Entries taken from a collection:
---*---

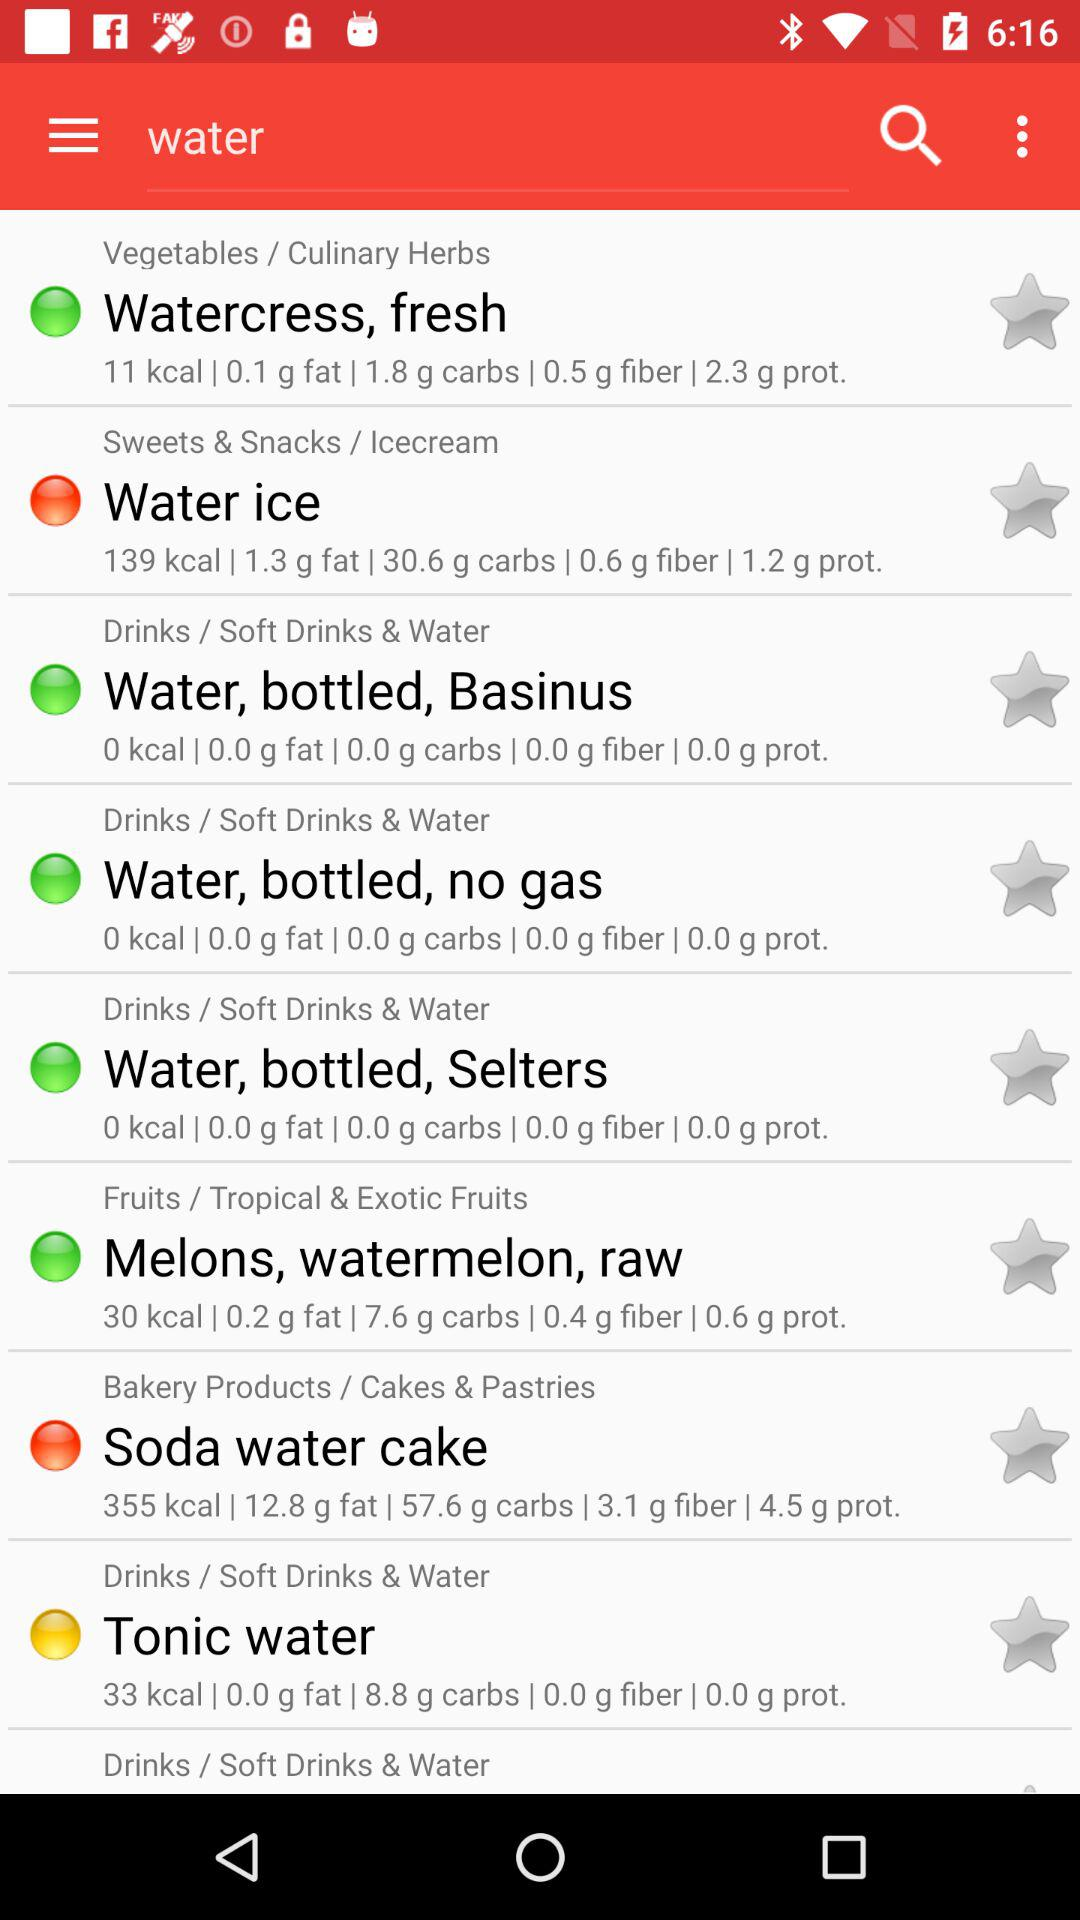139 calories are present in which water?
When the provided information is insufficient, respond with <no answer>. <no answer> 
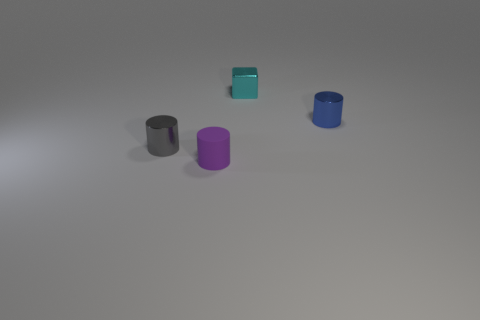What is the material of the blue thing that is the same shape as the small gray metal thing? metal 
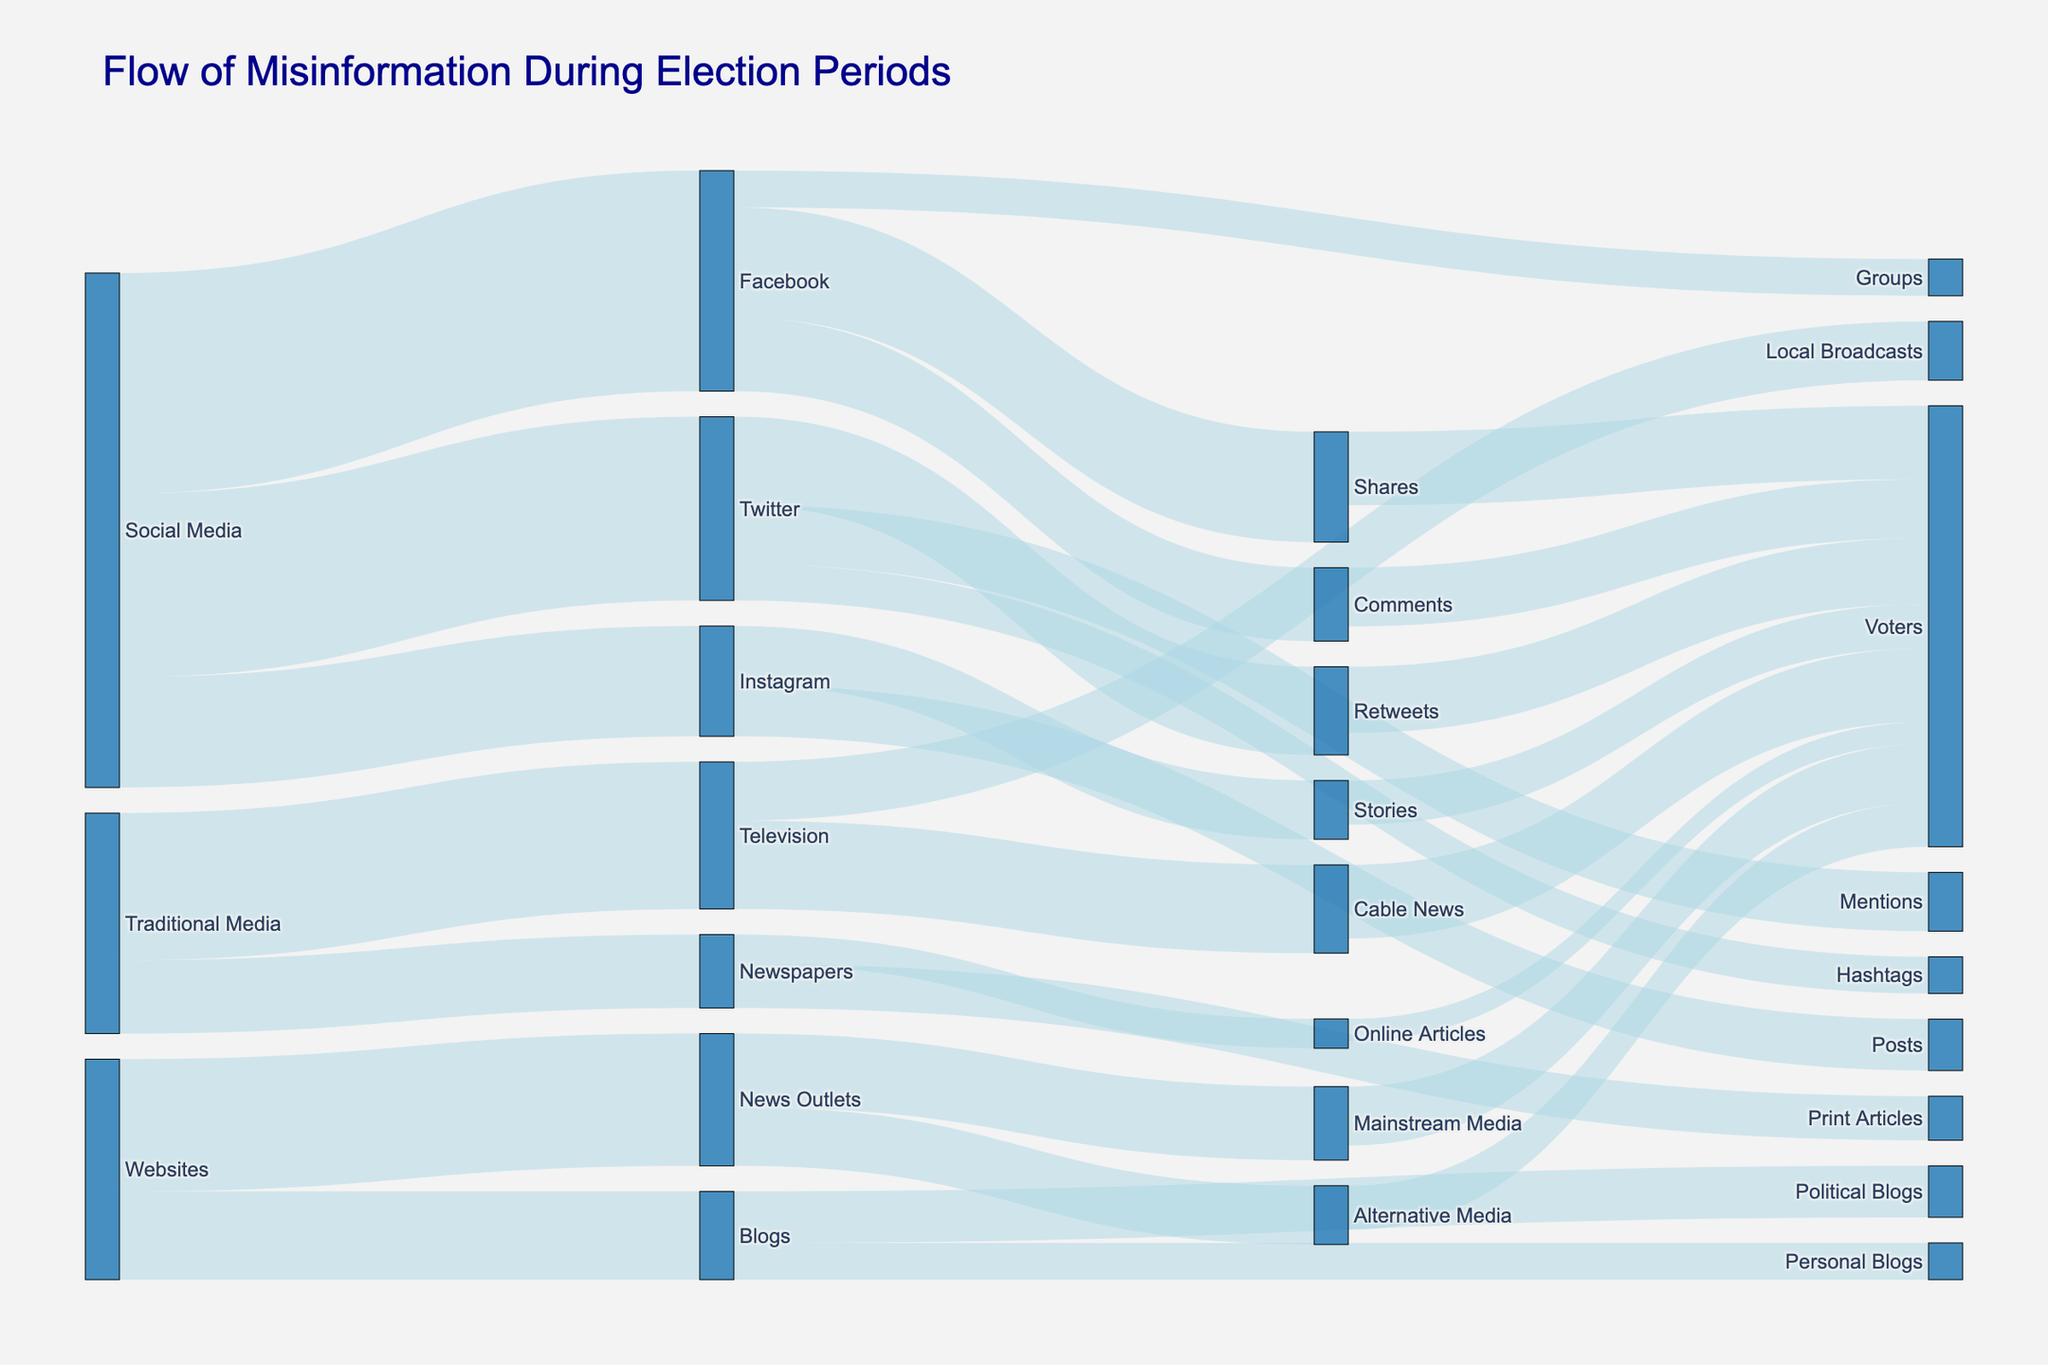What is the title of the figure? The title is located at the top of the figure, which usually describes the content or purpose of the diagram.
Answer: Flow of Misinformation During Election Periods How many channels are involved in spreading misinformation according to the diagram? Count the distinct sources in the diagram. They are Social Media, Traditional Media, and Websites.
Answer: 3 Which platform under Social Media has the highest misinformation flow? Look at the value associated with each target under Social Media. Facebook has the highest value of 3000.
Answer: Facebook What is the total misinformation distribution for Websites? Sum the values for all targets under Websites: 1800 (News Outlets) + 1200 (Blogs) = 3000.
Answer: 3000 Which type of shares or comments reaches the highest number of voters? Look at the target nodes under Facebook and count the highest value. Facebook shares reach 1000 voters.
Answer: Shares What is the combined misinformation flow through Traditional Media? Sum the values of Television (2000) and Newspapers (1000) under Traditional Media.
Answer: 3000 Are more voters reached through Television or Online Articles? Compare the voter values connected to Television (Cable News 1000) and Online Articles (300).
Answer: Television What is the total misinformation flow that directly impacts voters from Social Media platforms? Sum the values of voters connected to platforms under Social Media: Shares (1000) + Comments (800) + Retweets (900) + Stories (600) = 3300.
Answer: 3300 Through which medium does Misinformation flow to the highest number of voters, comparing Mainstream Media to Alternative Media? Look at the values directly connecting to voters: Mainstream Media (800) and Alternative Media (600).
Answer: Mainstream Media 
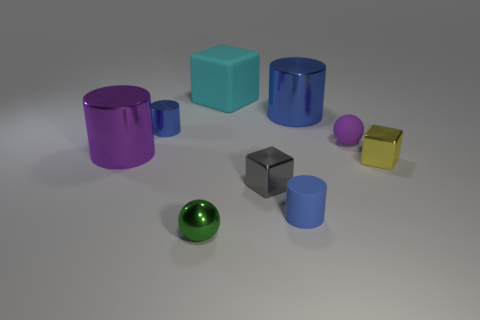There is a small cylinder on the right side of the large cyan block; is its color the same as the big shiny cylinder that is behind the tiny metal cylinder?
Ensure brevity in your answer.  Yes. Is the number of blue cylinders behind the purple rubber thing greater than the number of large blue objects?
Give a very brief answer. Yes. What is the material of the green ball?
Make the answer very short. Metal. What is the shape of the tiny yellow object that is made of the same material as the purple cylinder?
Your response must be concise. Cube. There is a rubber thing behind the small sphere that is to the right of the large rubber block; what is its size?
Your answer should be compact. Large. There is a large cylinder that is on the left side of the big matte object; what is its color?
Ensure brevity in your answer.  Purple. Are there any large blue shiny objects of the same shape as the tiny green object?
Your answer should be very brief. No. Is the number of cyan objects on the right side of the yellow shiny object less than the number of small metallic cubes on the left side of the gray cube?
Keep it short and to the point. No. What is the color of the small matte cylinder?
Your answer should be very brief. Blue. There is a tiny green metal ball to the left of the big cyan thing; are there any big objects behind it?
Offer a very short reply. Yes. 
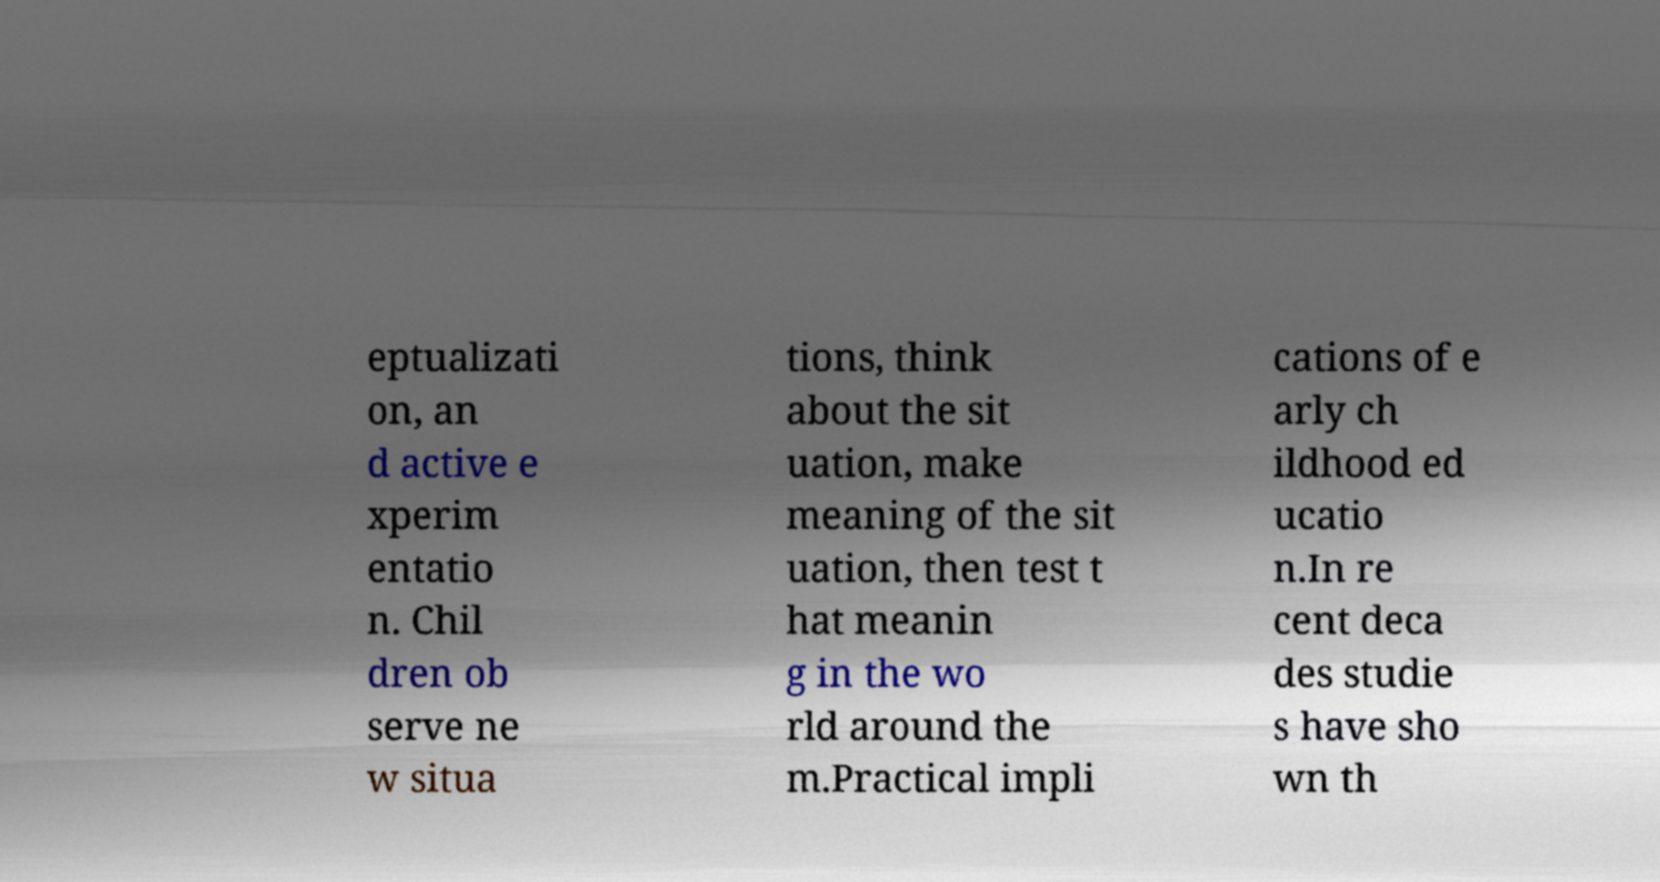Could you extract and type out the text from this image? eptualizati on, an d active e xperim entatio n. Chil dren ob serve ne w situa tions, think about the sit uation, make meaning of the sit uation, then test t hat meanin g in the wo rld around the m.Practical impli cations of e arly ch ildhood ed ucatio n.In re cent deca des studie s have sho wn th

---*---

Exact copy, no pictures: reproduce every record as it stands.

139 calories are present in which water?
When the provided information is insufficient, respond with <no answer>. <no answer> 
What is the material of the blue thing that is the same shape as the small gray metal thing? metal 
What is the title of the figure? The title is located at the top of the figure, which usually describes the content or purpose of the diagram.
Answer: Flow of Misinformation During Election Periods How many channels are involved in spreading misinformation according to the diagram? Count the distinct sources in the diagram. They are Social Media, Traditional Media, and Websites.
Answer: 3 Which platform under Social Media has the highest misinformation flow? Look at the value associated with each target under Social Media. Facebook has the highest value of 3000.
Answer: Facebook What is the total misinformation distribution for Websites? Sum the values for all targets under Websites: 1800 (News Outlets) + 1200 (Blogs) = 3000.
Answer: 3000 Which type of shares or comments reaches the highest number of voters? Look at the target nodes under Facebook and count the highest value. Facebook shares reach 1000 voters.
Answer: Shares What is the combined misinformation flow through Traditional Media? Sum the values of Television (2000) and Newspapers (1000) under Traditional Media.
Answer: 3000 Are more voters reached through Television or Online Articles? Compare the voter values connected to Television (Cable News 1000) and Online Articles (300).
Answer: Television What is the total misinformation flow that directly impacts voters from Social Media platforms? Sum the values of voters connected to platforms under Social Media: Shares (1000) + Comments (800) + Retweets (900) + Stories (600) = 3300.
Answer: 3300 Through which medium does Misinformation flow to the highest number of voters, comparing Mainstream Media to Alternative Media? Look at the values directly connecting to voters: Mainstream Media (800) and Alternative Media (600).
Answer: Mainstream Media 
There is a small cylinder on the right side of the large cyan block; is its color the same as the big shiny cylinder that is behind the tiny metal cylinder?
Ensure brevity in your answer.  Yes. Is the number of blue cylinders behind the purple rubber thing greater than the number of large blue objects?
Give a very brief answer. Yes. What is the material of the green ball?
Make the answer very short. Metal. What is the shape of the tiny yellow object that is made of the same material as the purple cylinder?
Your response must be concise. Cube. There is a rubber thing behind the small sphere that is to the right of the large rubber block; what is its size?
Your answer should be compact. Large. There is a large cylinder that is on the left side of the big matte object; what is its color?
Ensure brevity in your answer.  Purple. Are there any large blue shiny objects of the same shape as the tiny green object?
Your answer should be very brief. No. Is the number of cyan objects on the right side of the yellow shiny object less than the number of small metallic cubes on the left side of the gray cube?
Keep it short and to the point. No. What is the color of the small matte cylinder?
Your answer should be very brief. Blue. There is a tiny green metal ball to the left of the big cyan thing; are there any big objects behind it?
Offer a very short reply. Yes. 
Could you extract and type out the text from this image? eptualizati on, an d active e xperim entatio n. Chil dren ob serve ne w situa tions, think about the sit uation, make meaning of the sit uation, then test t hat meanin g in the wo rld around the m.Practical impli cations of e arly ch ildhood ed ucatio n.In re cent deca des studie s have sho wn th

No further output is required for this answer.